The liberal opposition candidate who favors closer ties to the West appeared headed to victory in Sunday's presidential election in Ukraine.

Three exit surveys taken after the polls closed Sunday night showed Viktor Yushchenko, an economist and former prime minister, leading Prime Minister Viktor Yanukovych by as many as 19 percentage points.

Yanukovych supporters in the capital Kiev called the exit polls premature and inaccurate. Final results are not expected until today, at the earliest.

Yushchenko, 50, who has an American wife, positioned himself as a reform-minded, anticorruption democrat who would seek closer ties with Europe and the West.

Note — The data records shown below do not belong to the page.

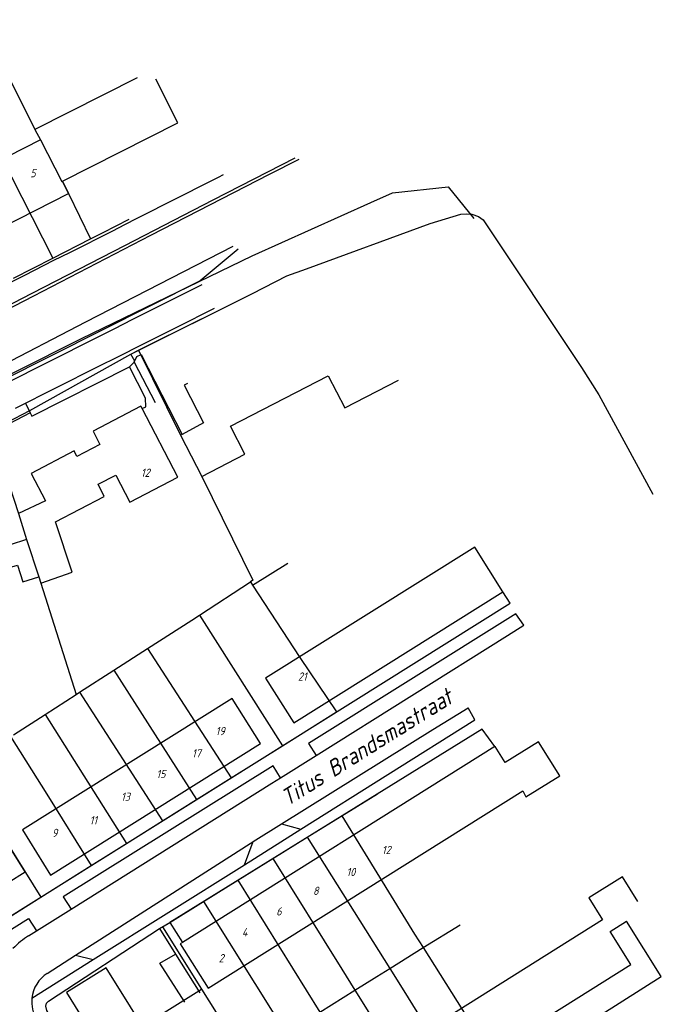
# Model space of a CAD drawing. Extents: x 124314 to 128016, y 450271 to 453716.
# Tile 33 of 40: x 125288 to 125385, y 451103 to 451252. Entities that reach past the tile are written whole.
import ezdxf
from ezdxf.enums import TextEntityAlignment as Align

# ---------------------------------------------------------------- set-up
doc = ezdxf.new("R2010")
doc.units = 0
doc.header["$MEASUREMENT"] = 0
for name, color, linetype in [('Default_113', 7, 'Continuous'), ('Default_117', 7, 'Continuous'), ('Default_21', 40, 'Continuous'), ('Default_4', 1, 'Continuous'), ('Default_6', 7, 'Continuous'), ('Default_79', 2, 'Continuous'), ('Default_80', 7, 'Continuous'), ('Default_99', 2, 'Continuous')]:
    doc.layers.add(name, color=color, linetype=linetype)
doc.styles.add('Style-ENGINEERING', font='isoct.shx', dxfattribs={"oblique": 15})

msp = doc.modelspace()

# ---------------------------------------------------------------- linework, layer by layer
at = {"layer": 'Default_21', "lineweight": -3, "flags": 128}
for points in [[(125280.38, 451255.56), (125290.28, 451235.77), (125291.14, 451234.22), (125294.34, 451227.89), (125294.44, 451227.94), (125295.38, 451226.1), (125298.69, 451219.23)], [(125275.69, 451250.07), (125283.54, 451234.79), (125292.97, 451216.31)], [(125216.99, 451163.23), (125233.77, 451172), (125267.22, 451189.04), (125297.34, 451204.11), (125323.18, 451216.65), (125341.13, 451224.73), (125344.42, 451226.18), (125352.85, 451227.12), (125356.76, 451222.3)], [(125298.69, 451219.23), (125300.6, 451220.2), (125304.53, 451222.18)], [(125292.97, 451216.31), (125298.69, 451219.23)], [(125287.02, 451213.28), (125292.97, 451216.31)], [(125305.94, 451202.34), (125315.51, 451207.11)], [(125283.66, 451190.19), (125289.49, 451193.19), (125304.8, 451201.77), (125305.94, 451202.34)], [(125305.94, 451202.34), (125312.34, 451189.45), (125315.56, 451183.23), (125323.29, 451167.5), (125322.9, 451167.24)], [(125283.66, 451190.19), (125287.81, 451177.63), (125289.02, 451173.69), (125290.88, 451168.02), (125291.18, 451167.04), (125296.52, 451150.18)], [(125323.23, 451166.74), (125328.57, 451170.09)], [(125315.21, 451162.21), (125322.9, 451167.24)], [(125322.9, 451167.24), (125323.23, 451166.74)], [(125323.23, 451166.74), (125330.41, 451155.81), (125335.95, 451147.55)], [(125307.34, 451157.14), (125314.05, 451161.46), (125315.21, 451162.21)], [(125315.21, 451162.21), (125327.79, 451142.43)], [(125302.24, 451153.86), (125307.34, 451157.14)], [(125307.34, 451157.14), (125319.99, 451137.55)], [(125297.05, 451150.53), (125302.24, 451153.86)], [(125302.24, 451153.86), (125314.74, 451134.26)], [(125291.83, 451147.17), (125296.52, 451150.18)], [(125296.52, 451150.18), (125297.05, 451150.53)], [(125297.05, 451150.53), (125309.61, 451131.05)], [(125287.04, 451144.09), (125291.83, 451147.17)], [(125291.83, 451147.17), (125304.12, 451127.61)], [(125327.79, 451142.43), (125335.95, 451147.55)], [(125286.59, 451143.8), (125292.09, 451135.08), (125298.78, 451124.26)], [(125319.99, 451137.55), (125327.79, 451142.43)], [(125278.74, 451138.79), (125285.12, 451129.21), (125291.19, 451119.51)], [(125314.74, 451134.26), (125319.99, 451137.55)], [(125336.77, 451131.81), (125342.13, 451135.13)], [(125309.61, 451131.05), (125314.74, 451134.26)], [(125331.5, 451128.55), (125336.77, 451131.81)], [(125336.77, 451131.81), (125347.77, 451113.9), (125349.07, 451111.84)], [(125304.12, 451127.61), (125309.61, 451131.05)], [(125326.3, 451125.33), (125331.5, 451128.55)], [(125331.5, 451128.55), (125344.01, 451108.7)], [(125298.78, 451124.26), (125304.12, 451127.61)], [(125291.19, 451119.51), (125298.78, 451124.26)], [(125321.02, 451122.05), (125326.3, 451125.33)], [(125326.3, 451125.33), (125336.75, 451108.57), (125338.73, 451105.4)], [(125315.8, 451118.82), (125321.02, 451122.05)], [(125321.02, 451122.05), (125333.41, 451102.06)], [(125283.05, 451114.41), (125291.19, 451119.51)], [(125309.57, 451114.99), (125310.69, 451115.66), (125315.8, 451118.82)], [(125315.8, 451118.82), (125327.44, 451100.2), (125328.28, 451098.84)], [(125349.07, 451111.84), (125354.66, 451115.31)], [(125297.16, 451094.11), (125292.47, 451101.67), (125292.07, 451102.33), (125291.92, 451102.97), (125292.02, 451103.43), (125292.32, 451103.75), (125309.13, 451114.73), (125309.57, 451114.99)], [(125309.57, 451114.99), (125315.5, 451105.54)], [(125344.01, 451108.7), (125349.07, 451111.84)], [(125349.07, 451111.84), (125361.32, 451092.36)], [(125338.73, 451105.4), (125342.04, 451107.48), (125344.01, 451108.7)], [(125344.01, 451108.7), (125345.91, 451105.68), (125356.17, 451089.09)], [(125297.16, 451094.11), (125315.5, 451105.54)], [(125315.5, 451105.54), (125318.81, 451100.27)], [(125333.41, 451102.06), (125338.73, 451105.4)], [(125338.73, 451105.4), (125351, 451085.81)]]:
    msp.add_lwpolyline(points, dxfattribs=at)
at = {"layer": 'Default_4', "lineweight": -3, "flags": 128}
for points in [[(125305.75, 451243.63), (125290.28, 451235.77), (125291.14, 451234.22), (125273.64, 451225.34)], [(125275.94, 451220.79), (125277.78, 451217.17), (125295.38, 451226.1), (125294.44, 451227.94), (125311.91, 451236.81), (125308.57, 451243.39)], [(125312.55, 451189.57), (125312.34, 451189.45), (125315.56, 451183.23), (125322.08, 451186.6), (125319.9, 451190.83), (125334.7, 451198.47), (125337.2, 451193.63), (125345.32, 451197.82)], [(125313.37, 451197.29), (125312.87, 451197.03), (125315.79, 451191.36), (125312.55, 451189.57)], [(125306.52, 451193.49), (125306.33, 451193.85), (125299.07, 451190.06), (125300.1, 451188.08), (125296.63, 451186.26), (125296.24, 451187.09), (125289.7, 451183.67), (125291.86, 451179.54), (125287.81, 451177.63), (125289.02, 451173.69), (125286.52, 451172.85)], [(125311.93, 451183.13), (125306.52, 451193.49)], [(125286.52, 451172.85), (125286.38, 451172.81), (125283.99, 451180.18), (125277.68, 451178.18), (125279.81, 451171.19), (125283.27, 451172.25), (125284.31, 451168.84), (125287.66, 451169.78), (125288.44, 451167.24), (125290.88, 451168.02), (125291.18, 451167.04), (125295.89, 451168.73), (125293.4, 451176.33), (125300.77, 451180.18), (125299.87, 451182.03), (125302.54, 451183.43), (125304.67, 451179.34), (125311.93, 451183.13)], [(125361.14, 451165.73), (125356.88, 451172.51), (125325.21, 451152.67), (125329.47, 451145.88), (125361.14, 451165.73)], [(125324.43, 451142.74), (125320.15, 451149.59), (125288.37, 451129.68), (125292.65, 451122.84), (125324.43, 451142.74)], [(125312.63, 451112.63), (125312.29, 451112.42), (125316.5, 451105.71), (125364.14, 451135.58), (125364.62, 451134.67), (125369.76, 451137.89), (125366.53, 451143.04), (125361.49, 451139.88), (125359.97, 451142.31)], [(125359.93, 451142.29), (125312.63, 451112.63)], [(125286.23, 451121.72), (125288.8, 451123.33), (125285.12, 451129.21), (125282.55, 451127.6), (125283.22, 451126.33)], [(125381.6, 451118.83), (125379.24, 451122.59), (125374.16, 451119.39), (125376.25, 451116.05), (125328.76, 451086.21), (125333.03, 451079.43)], [(125333.03, 451079.43), (125380.54, 451109.28), (125377.39, 451114.3), (125379.88, 451115.86)], [(125322.92, 451073.74), (125301.07, 451108.79), (125295.06, 451105.04), (125297.04, 451101.86), (125296.27, 451101.31), (125316.1, 451069.49), (125322.92, 451073.74)]]:
    msp.add_lwpolyline(points, dxfattribs=at)
at = {"layer": 'Default_6', "lineweight": -3, "flags": 128}
for points in [[(125312.99, 451103.59), (125309.21, 451109.51), (125311.55, 451110.83)], [(125311.55, 451110.83), (125315.26, 451105)]]:
    msp.add_lwpolyline(points, dxfattribs=at)
at = {"layer": 'Default_79', "lineweight": -3, "flags": 128}
msp.add_lwpolyline([(125309.13, 451114.73), (125310.69, 451115.66)], dxfattribs=at)
at = {"layer": 'Default_80', "lineweight": -3, "flags": 128}
for points in [[(125245.35, 451188.2), (125249.8, 451190.43), (125256.2, 451193.64), (125262.15, 451196.71), (125269.62, 451200.56), (125280.19, 451206.01), (125289.88, 451211), (125293.48, 451212.86), (125303.88, 451218.22), (125311.33, 451222.06), (125317.29, 451225.13), (125329.67, 451231.51)], [(125321.07, 451217.64), (125315.32, 451212.87), (125285.19, 451197.7)]]:
    msp.add_lwpolyline(points, dxfattribs=at)
at = {"layer": 'Default_99', "lineweight": -3, "flags": 128}
for points in [[(125246.46, 451188.3), (125252.64, 451191.33), (125255.23, 451192.59), (125272.61, 451201.56), (125290.11, 451210.6), (125307.82, 451219.75), (125325.8, 451229.01), (125330.27, 451231.31)], [(125265.53, 451201.9), (125275.29, 451206.94), (125279.98, 451209.27), (125281.05, 451209.87), (125287.95, 451213.33), (125288.74, 451213.69), (125293.16, 451215.97), (125295.56, 451217.17), (125302.16, 451220.49), (125302.84, 451220.82), (125305.47, 451222.2), (125306.15, 451222.55), (125316.88, 451227.94), (125318.09, 451228.55), (125318.83, 451228.94)], [(125305.38, 451200.66), (125304.8, 451201.77), (125323.21, 451210.95), (125328.43, 451213.59), (125331.39, 451214.67), (125350.15, 451221.53), (125354.76, 451222.94), (125355.66, 451223.03), (125356.46, 451222.93), (125357.46, 451222.6), (125358.15, 451222.08), (125373.06, 451199.73), (125375.67, 451195.59), (125383.83, 451180.56)], [(125320.27, 451218.08), (125297.94, 451206.58), (125284.08, 451199.44)], [(125305.11, 451207.03), (125310.36, 451209.67), (125315.62, 451212.3)], [(125306.33, 451203.11), (125311.89, 451205.9), (125317.45, 451208.69)], [(125299.45, 451204.18), (125302.28, 451205.6), (125305.11, 451207.03)], [(125285.62, 451197.18), (125292.54, 451200.68), (125299.45, 451204.18)], [(125299.77, 451199.81), (125303.05, 451201.46), (125306.33, 451203.11)], [(125305.32, 451200.54), (125305.69, 451201.38), (125306.34, 451201.72), (125312.55, 451189.57)], [(125304.59, 451199.82), (125305.32, 451200.54)], [(125305.32, 451200.54), (125308.46, 451194.42)], [(125287.35, 451193.57), (125293.56, 451196.69), (125299.77, 451199.81)], [(125289.54, 451192.87), (125289.8, 451192.36), (125304.59, 451199.82)], [(125306.52, 451193.49), (125307.07, 451193.77), (125307, 451195.09), (125304.59, 451199.82)], [(125288.83, 451194.31), (125289.54, 451192.87)], [(125289.54, 451192.87), (125284.12, 451190.03), (125283.4, 451191.54)], [(125266.29, 451103.91), (125362.25, 451164.02), (125361.14, 451165.73)], [(125364.32, 451160.71), (125363.08, 451162.4), (125331.68, 451142.77), (125332.85, 451140.96)], [(125332.85, 451140.96), (125361.84, 451159.15), (125364.32, 451160.71)], [(125327.61, 451130.6), (125350.55, 451144.89), (125355.87, 451148.18)], [(125330.56, 451129.77), (125356.9, 451146.37), (125355.87, 451148.18)], [(125359.93, 451142.29), (125358.01, 451144.96), (125310.69, 451115.66)], [(125327.45, 451137.57), (125332.85, 451140.96)], [(125327.45, 451137.57), (125326.36, 451139.39), (125294.54, 451119.52), (125295.76, 451117.69)], [(125295.76, 451117.69), (125326.15, 451136.75), (125327.45, 451137.57)], [(125323.32, 451127.93), (125327.61, 451130.6)], [(125327.61, 451130.6), (125330.56, 451129.77)], [(125321.99, 451124.4), (125330.56, 451129.77)], [(125296.43, 451110.7), (125322.85, 451127.64), (125323.32, 451127.93)], [(125321.99, 451124.4), (125323.32, 451127.93)], [(125299.1, 451110.02), (125321.99, 451124.4)], [(125290.51, 451114.4), (125295.76, 451117.69)], [(125269.86, 451104.07), (125289.31, 451116.23), (125290.51, 451114.4)], [(125310.69, 451115.66), (125312.63, 451112.63)], [(125335.36, 451075.88), (125385.13, 451107.47), (125379.88, 451115.86)], [(125289.32, 451113.65), (125290.51, 451114.4)], [(125316.57, 451068.26), (125315.5, 451067.95), (125314.36, 451067.78), (125313.7, 451068.04), (125313.26, 451068.34), (125312.93, 451068.67), (125312.63, 451069.21), (125292.47, 451101.67), (125292.07, 451102.33), (125291.92, 451102.97), (125292.02, 451103.43), (125292.32, 451103.75), (125309.13, 451114.73)], [(125309.13, 451114.73), (125311.55, 451110.83)], [(125292.13, 451107.94), (125296.43, 451110.7)], [(125296.43, 451110.7), (125299.1, 451110.02)], [(125289.82, 451104.19), (125299.1, 451110.02)]]:
    msp.add_lwpolyline(points, dxfattribs=at)
at = {"layer": 'Default_99', "lineweight": -3}
for centre, major_axis, end_param in [((125295.52, 451103.77), (-6.2, 9.88), 0.264583), ((125294.89, 451103.65), (-2.75, 4.29), 0.893875), ((125294.89, 451103.65), (-5.07, 0.54), 0.662996)]:
    msp.add_ellipse(centre, major_axis=major_axis, ratio=1, start_param=0, end_param=end_param, dxfattribs=at)

# ---------------------------------------------------------------- texts
at = {"layer": 'Default_113', "lineweight": -3, "style": 'Style-ENGINEERING', "oblique": 15}
for s, p in [('5', (125289.98, 451229.17)), ('12', (125306.99, 451183.78)), ('21', (125330.77, 451152.91)), ('19', (125318.33, 451144.65)), ('17', (125314.73, 451141.28)), ('15', (125309.36, 451138.15)), ('13', (125303.99, 451134.7)), ('11', (125299.12, 451131.14)), ('9', (125293.26, 451129.22)), ('12', (125343.48, 451126.64)), ('10', (125338.12, 451123.3)), ('8', (125332.81, 451120.45)), ('6', (125327.22, 451117.33)), ('4', (125322.04, 451114.18)), ('2', (125318.49, 451110.24))]:
    msp.add_text(s, height=1.25, dxfattribs=at).set_placement(p, align=Align.MIDDLE_CENTER)
at = {"layer": 'Default_117', "lineweight": -3, "style": 'Style-ENGINEERING', "oblique": 15}
msp.add_text('Titus Brandsmastraat', height=2.5, rotation=32.1329, dxfattribs=at).set_placement((125340.49, 451142.19), align=Align.MIDDLE_CENTER)

doc.saveas('drawing.dxf')

But he also pledged to withdraw the 1,600 Ukrainian troops deployed in Iraq, a commitment he derided as a transparent attempt by outgoing President Leonid Kuchma to curry favor with the Bush administration.

Yanukovych, 54, was endorsed by the Soviet-style strongman Kuchma and Russian President Vladimir Putin. He has proposed stronger political and economic ties with neighboring Russia, including the adoption of Russian as Ukraine's second language.

The election campaign has been both nasty and surreal.

In early September, Yushchenko claimed he had been poisoned by government operatives. He retreated to Austria for a month of treatment, but the hospital in Vienna issued a statement saying there was no poisoning. That statement was later retracted, although no definitive cause for Yushchenko's illness was given.

The two candidates finished in a virtual dead heat during the first round three weeks ago. International observers said that election was rife with violations, and one European group declared it "a step backward" for democracy.